Although Paraguay’s Indigenous Peoples form a part of the country’s great diversity and cultural wealth, they are also victims of systematic, structural discrimination by the state and by non-indigenous society. In this regard, they represent the country’s poorest, most excluded, most marginalized population, and all human rights of the Indigenous Peoples —civil, cultural, economic, social, and political— are violated and undermined on a constant basis. This situation principally plays out through the invasion, destruction, and expulsion from their traditional lands and ancestral territories, where they live their lives and where their worldview, survival, and cultural practices are deeply rooted.

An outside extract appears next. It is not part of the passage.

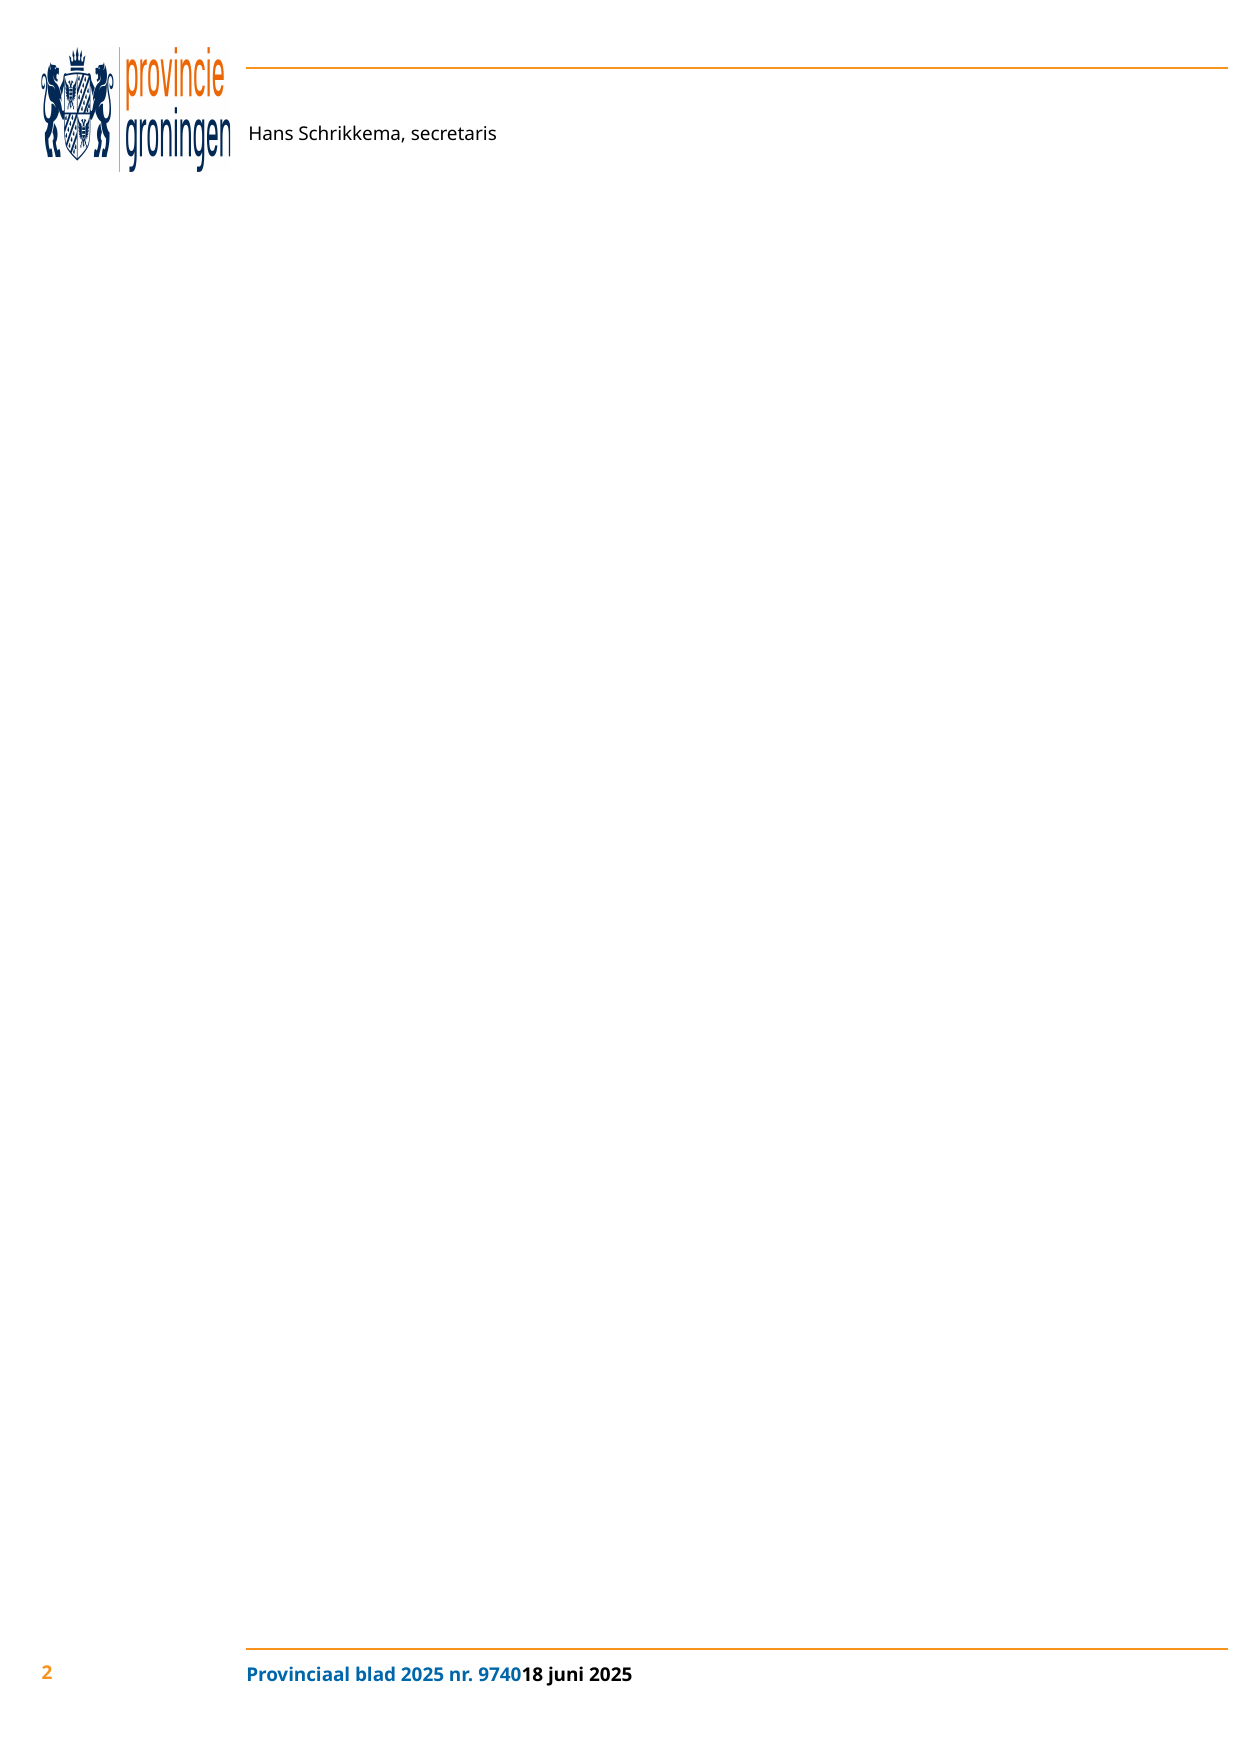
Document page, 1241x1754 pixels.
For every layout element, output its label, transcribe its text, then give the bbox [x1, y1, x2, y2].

text Hans Schrikkema, secretaris [248, 121, 1152, 146]
picture [41, 47, 231, 172]

Main challenges for Paraguay’s Indigenous Peoples

During 2016, the state intensified the structural discrimination faced by Paraguay’s Indigenous Peoples, as was expressly observed by the UN Special Rapporteur on the Rights of Indigenous Peoples, the Committee on the Elimination of Racial (CERD), non-treaty bodies, and treaty bodies of the UN, as well as other international monitoring bodies. This discrimination translates into violations of the rights of the Indigenous Peoples both by acts and omissions of the state. An example is the forced removal of communities from their ancestral territories.

Another challenge of Paraguay’s Indigenous Peoples relates to structural discrimination. Factors such as corruption, the concentration of land ownership and environmental degradation combined with institutional weaknesses hinder progress in alleviating poverty and create obstacles for the indigenous population’s dignified access to fundamental rights, such as water, education, and health, among others.

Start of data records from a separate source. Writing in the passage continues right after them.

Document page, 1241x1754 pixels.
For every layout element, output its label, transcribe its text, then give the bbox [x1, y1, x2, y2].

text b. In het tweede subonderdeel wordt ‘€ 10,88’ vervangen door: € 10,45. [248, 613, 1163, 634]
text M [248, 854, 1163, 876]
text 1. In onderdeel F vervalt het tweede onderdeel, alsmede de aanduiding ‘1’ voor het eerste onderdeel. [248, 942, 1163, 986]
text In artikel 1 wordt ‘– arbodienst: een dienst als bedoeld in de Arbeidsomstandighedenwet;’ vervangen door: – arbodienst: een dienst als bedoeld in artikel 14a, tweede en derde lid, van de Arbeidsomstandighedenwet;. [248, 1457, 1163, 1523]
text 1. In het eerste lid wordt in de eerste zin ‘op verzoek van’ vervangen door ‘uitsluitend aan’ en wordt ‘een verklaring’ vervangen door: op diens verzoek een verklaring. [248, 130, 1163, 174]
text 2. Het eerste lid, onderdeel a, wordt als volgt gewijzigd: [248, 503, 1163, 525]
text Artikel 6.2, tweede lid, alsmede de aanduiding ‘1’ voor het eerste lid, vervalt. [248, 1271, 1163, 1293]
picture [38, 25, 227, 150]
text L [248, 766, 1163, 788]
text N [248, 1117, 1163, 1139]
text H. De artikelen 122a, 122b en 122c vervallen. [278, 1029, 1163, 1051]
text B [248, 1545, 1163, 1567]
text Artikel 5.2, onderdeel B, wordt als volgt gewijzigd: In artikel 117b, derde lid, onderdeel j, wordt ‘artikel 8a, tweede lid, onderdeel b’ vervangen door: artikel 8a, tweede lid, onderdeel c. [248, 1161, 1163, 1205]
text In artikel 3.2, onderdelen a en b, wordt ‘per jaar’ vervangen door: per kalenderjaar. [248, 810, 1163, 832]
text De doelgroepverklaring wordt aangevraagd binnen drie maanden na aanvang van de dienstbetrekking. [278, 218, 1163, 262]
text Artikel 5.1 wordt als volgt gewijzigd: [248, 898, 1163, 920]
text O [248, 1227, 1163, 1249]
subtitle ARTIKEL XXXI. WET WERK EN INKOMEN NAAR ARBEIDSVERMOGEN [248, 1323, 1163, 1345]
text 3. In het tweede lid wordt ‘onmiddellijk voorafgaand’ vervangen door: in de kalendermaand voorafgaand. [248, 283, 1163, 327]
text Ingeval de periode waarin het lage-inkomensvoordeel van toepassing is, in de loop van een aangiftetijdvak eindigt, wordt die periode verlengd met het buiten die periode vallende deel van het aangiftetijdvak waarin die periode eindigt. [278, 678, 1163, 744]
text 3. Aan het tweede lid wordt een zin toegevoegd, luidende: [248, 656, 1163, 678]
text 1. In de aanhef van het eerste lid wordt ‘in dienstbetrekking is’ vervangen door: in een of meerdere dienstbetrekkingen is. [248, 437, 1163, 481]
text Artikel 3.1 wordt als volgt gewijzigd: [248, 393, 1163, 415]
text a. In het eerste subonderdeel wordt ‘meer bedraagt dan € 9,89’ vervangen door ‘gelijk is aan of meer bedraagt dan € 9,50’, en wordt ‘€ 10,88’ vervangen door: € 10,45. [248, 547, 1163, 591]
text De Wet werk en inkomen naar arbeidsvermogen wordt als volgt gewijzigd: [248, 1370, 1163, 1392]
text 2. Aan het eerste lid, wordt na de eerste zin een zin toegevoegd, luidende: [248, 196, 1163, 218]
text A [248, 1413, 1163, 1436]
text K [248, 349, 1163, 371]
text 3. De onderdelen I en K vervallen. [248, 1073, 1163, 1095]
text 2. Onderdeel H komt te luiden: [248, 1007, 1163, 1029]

The rates of poverty and extreme poverty among Indigenous Peoples are 75% and 60% respectively, which far exceeds the national average. As for the situation of children under the age of five, the rate of extreme poverty is 63%, compared to the 26% national average, and the rate of chronic malnutrition is 41.7%, compared to a 17.5% national average. These figures demonstrate the profound gap of inequality separating the Indigenous Peoples from the rest of the population.

The violation of these rights and the situation of discrimination are indeed due to the asymmetry of economic power of agro-business in comparison with the Indigenous Peoples. Yet another fundamental factor is that the state is absent in applying the control that ought to be provided by the Ministry of Justice and Labor.

Potential progress for the Indigenous Peoples in Paraguay

In the context of an Inter-institutional Cooperation Agreement with the Supreme Court of Electoral Justice (TSJE), the Civil Registry and Department for Identification, the Coordinating Body of Indigenous Leaders of the Lower Chaco (Clibch), Diakonia and the NGO Tierraviva in the context of a European Union project being conducted to document and record members of 70 indigenous communities on the electoral register, resulting in documents being issued to more than 21,000 people in a department inhabited by a total of 27,000.

The Indigenous World 2021: Paraguay

Five linguistic families and 19 Indigenous Peoples self-identify in Paraguay: Guaraní (Aché, Avá Guaraní, Mbya, Pai Tavytera, Guaraní Ñandeva, Guaraní Occidental), Maskoy (Toba Maskoy, Enlhet North, Enxet South, Sanapaná, Angaité, Guaná), Mataco Mataguayo (Nivaclé, Maká, Manjui), Zamuco (Ayoreo, Yvytoso, Tomáraho) and Guaicurú (Qom). According to 2017 statistics, the country's Indigenous population numbers 122,461 individuals.

Chapter V of the 1992 Constitution recognises Indigenous Peoples as groups with cultures that precede the formation and organisation of the Paraguayan state, recognising their rights to ethnic identity, communal property, participation and an education that takes into account their specific cultures, etc.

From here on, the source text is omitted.